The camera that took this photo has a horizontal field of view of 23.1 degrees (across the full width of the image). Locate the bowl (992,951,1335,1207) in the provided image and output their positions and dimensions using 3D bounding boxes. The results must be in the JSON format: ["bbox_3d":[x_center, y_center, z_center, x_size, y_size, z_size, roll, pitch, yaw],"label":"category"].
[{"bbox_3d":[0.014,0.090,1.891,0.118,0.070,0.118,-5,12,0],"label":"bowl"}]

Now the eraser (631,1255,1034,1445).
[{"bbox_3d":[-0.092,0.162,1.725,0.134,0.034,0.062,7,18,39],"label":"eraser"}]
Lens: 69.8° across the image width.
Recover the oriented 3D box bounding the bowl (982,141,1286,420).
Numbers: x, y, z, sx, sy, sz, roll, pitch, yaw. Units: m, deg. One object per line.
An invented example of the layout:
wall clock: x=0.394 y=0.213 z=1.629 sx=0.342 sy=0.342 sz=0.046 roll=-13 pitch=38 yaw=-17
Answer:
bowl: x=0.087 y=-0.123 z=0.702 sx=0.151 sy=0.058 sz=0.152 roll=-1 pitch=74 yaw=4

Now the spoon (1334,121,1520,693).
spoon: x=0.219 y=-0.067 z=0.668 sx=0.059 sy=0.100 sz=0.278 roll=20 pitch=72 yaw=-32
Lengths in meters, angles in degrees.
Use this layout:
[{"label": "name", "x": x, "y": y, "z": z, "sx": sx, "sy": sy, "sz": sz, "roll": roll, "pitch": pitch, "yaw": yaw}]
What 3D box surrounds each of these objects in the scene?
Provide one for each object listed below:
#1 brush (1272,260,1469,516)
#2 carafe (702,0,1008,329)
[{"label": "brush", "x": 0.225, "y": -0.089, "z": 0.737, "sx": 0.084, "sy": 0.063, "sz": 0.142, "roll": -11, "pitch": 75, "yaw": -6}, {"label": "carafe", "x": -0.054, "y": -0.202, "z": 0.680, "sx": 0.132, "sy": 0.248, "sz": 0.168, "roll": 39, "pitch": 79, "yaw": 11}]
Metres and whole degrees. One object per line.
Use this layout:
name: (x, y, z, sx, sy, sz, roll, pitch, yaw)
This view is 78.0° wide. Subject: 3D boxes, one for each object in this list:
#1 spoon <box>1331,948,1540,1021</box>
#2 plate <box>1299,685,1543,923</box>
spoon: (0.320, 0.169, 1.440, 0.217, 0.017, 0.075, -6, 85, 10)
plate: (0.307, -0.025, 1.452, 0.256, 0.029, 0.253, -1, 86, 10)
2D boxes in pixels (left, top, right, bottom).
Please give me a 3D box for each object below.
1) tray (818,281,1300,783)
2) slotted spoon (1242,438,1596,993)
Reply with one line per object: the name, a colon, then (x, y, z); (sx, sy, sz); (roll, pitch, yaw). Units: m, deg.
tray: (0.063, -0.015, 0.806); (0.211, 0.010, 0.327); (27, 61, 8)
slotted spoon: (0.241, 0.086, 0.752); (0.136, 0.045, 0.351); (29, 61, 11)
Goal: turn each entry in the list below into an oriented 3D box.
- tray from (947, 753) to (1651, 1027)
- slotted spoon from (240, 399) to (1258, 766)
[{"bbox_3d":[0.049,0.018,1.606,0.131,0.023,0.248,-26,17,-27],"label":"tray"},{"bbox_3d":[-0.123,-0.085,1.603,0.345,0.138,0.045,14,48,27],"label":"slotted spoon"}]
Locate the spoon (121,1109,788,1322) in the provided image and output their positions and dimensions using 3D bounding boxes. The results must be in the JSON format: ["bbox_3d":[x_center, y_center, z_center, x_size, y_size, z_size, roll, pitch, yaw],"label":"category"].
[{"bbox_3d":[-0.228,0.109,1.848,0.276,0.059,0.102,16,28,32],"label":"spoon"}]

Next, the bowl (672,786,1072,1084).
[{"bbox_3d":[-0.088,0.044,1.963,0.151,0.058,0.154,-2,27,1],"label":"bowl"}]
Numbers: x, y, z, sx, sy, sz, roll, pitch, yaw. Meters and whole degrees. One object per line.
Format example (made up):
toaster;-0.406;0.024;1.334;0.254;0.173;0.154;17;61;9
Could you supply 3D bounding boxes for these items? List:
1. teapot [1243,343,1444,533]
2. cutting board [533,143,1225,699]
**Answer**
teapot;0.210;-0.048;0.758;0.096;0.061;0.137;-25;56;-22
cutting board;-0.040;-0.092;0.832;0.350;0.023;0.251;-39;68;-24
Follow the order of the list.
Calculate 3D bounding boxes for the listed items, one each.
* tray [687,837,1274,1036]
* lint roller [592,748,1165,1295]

EXERCISE DESCRIPTION — Output the records in full, keeping them exactly as they are.

WRITTEN ANSWER —
The camera that took this photo has a horizontal field of view of 23.1 degrees (across the full width of the image). Locate the bowl (992,951,1335,1207) in the provided image and output their positions and dimensions using 3D bounding boxes. The results must be in the JSON format: ["bbox_3d":[x_center, y_center, z_center, x_size, y_size, z_size, roll, pitch, yaw],"label":"category"].
[{"bbox_3d":[0.014,0.090,1.891,0.118,0.070,0.118,-5,12,0],"label":"bowl"}]

Now the eraser (631,1255,1034,1445).
[{"bbox_3d":[-0.092,0.162,1.725,0.134,0.034,0.062,7,18,39],"label":"eraser"}]
Lens: 69.8° across the image width.
Recover the oriented 3D box bounding the bowl (982,141,1286,420).
Numbers: x, y, z, sx, sy, sz, roll, pitch, yaw. Units: m, deg. One object per line.
An invented example of the layout:
wall clock: x=0.394 y=0.213 z=1.629 sx=0.342 sy=0.342 sz=0.046 roll=-13 pitch=38 yaw=-17
Answer:
bowl: x=0.087 y=-0.123 z=0.702 sx=0.151 sy=0.058 sz=0.152 roll=-1 pitch=74 yaw=4

Now the spoon (1334,121,1520,693).
spoon: x=0.219 y=-0.067 z=0.668 sx=0.059 sy=0.100 sz=0.278 roll=20 pitch=72 yaw=-32
Lengths in meters, angles in degrees.
Use this layout:
[{"label": "name", "x": x, "y": y, "z": z, "sx": sx, "sy": sy, "sz": sz, "roll": roll, "pitch": pitch, "yaw": yaw}]
What 3D box surrounds each of these objects in the scene?
Provide one for each object listed below:
#1 brush (1272,260,1469,516)
#2 carafe (702,0,1008,329)
[{"label": "brush", "x": 0.225, "y": -0.089, "z": 0.737, "sx": 0.084, "sy": 0.063, "sz": 0.142, "roll": -11, "pitch": 75, "yaw": -6}, {"label": "carafe", "x": -0.054, "y": -0.202, "z": 0.680, "sx": 0.132, "sy": 0.248, "sz": 0.168, "roll": 39, "pitch": 79, "yaw": 11}]
Metres and whole degrees. One object per line.
Use this layout:
name: (x, y, z, sx, sy, sz, roll, pitch, yaw)
This view is 78.0° wide. Subject: 3D boxes, one for each object in this list:
#1 spoon <box>1331,948,1540,1021</box>
#2 plate <box>1299,685,1543,923</box>
spoon: (0.320, 0.169, 1.440, 0.217, 0.017, 0.075, -6, 85, 10)
plate: (0.307, -0.025, 1.452, 0.256, 0.029, 0.253, -1, 86, 10)
2D boxes in pixels (left, top, right, bottom).
Please give me a 3D box for each object below.
1) tray (818,281,1300,783)
2) slotted spoon (1242,438,1596,993)
Reply with one line per object: the name, a colon, then (x, y, z); (sx, sy, sz); (roll, pitch, yaw). Units: m, deg.
tray: (0.063, -0.015, 0.806); (0.211, 0.010, 0.327); (27, 61, 8)
slotted spoon: (0.241, 0.086, 0.752); (0.136, 0.045, 0.351); (29, 61, 11)
Goal: turn each entry in the list below into an oriented 3D box.
- tray from (947, 753) to (1651, 1027)
- slotted spoon from (240, 399) to (1258, 766)
[{"bbox_3d":[0.049,0.018,1.606,0.131,0.023,0.248,-26,17,-27],"label":"tray"},{"bbox_3d":[-0.123,-0.085,1.603,0.345,0.138,0.045,14,48,27],"label":"slotted spoon"}]
Locate the spoon (121,1109,788,1322) in the provided image and output their positions and dimensions using 3D bounding boxes. The results must be in the JSON format: ["bbox_3d":[x_center, y_center, z_center, x_size, y_size, z_size, roll, pitch, yaw],"label":"category"].
[{"bbox_3d":[-0.228,0.109,1.848,0.276,0.059,0.102,16,28,32],"label":"spoon"}]

Next, the bowl (672,786,1072,1084).
[{"bbox_3d":[-0.088,0.044,1.963,0.151,0.058,0.154,-2,27,1],"label":"bowl"}]
Numbers: x, y, z, sx, sy, sz, roll, pitch, yaw. Meters and whole degrees. One object per line.
Format example (made up):
toaster;-0.406;0.024;1.334;0.254;0.173;0.154;17;61;9
Could you supply 3D bounding boxes for these items? List:
1. teapot [1243,343,1444,533]
2. cutting board [533,143,1225,699]
**Answer**
teapot;0.210;-0.048;0.758;0.096;0.061;0.137;-25;56;-22
cutting board;-0.040;-0.092;0.832;0.350;0.023;0.251;-39;68;-24
Follow the order of the list.
Calculate 3D bounding boxes for the listed items, one each.
* tray [687,837,1274,1036]
* lint roller [592,748,1165,1295]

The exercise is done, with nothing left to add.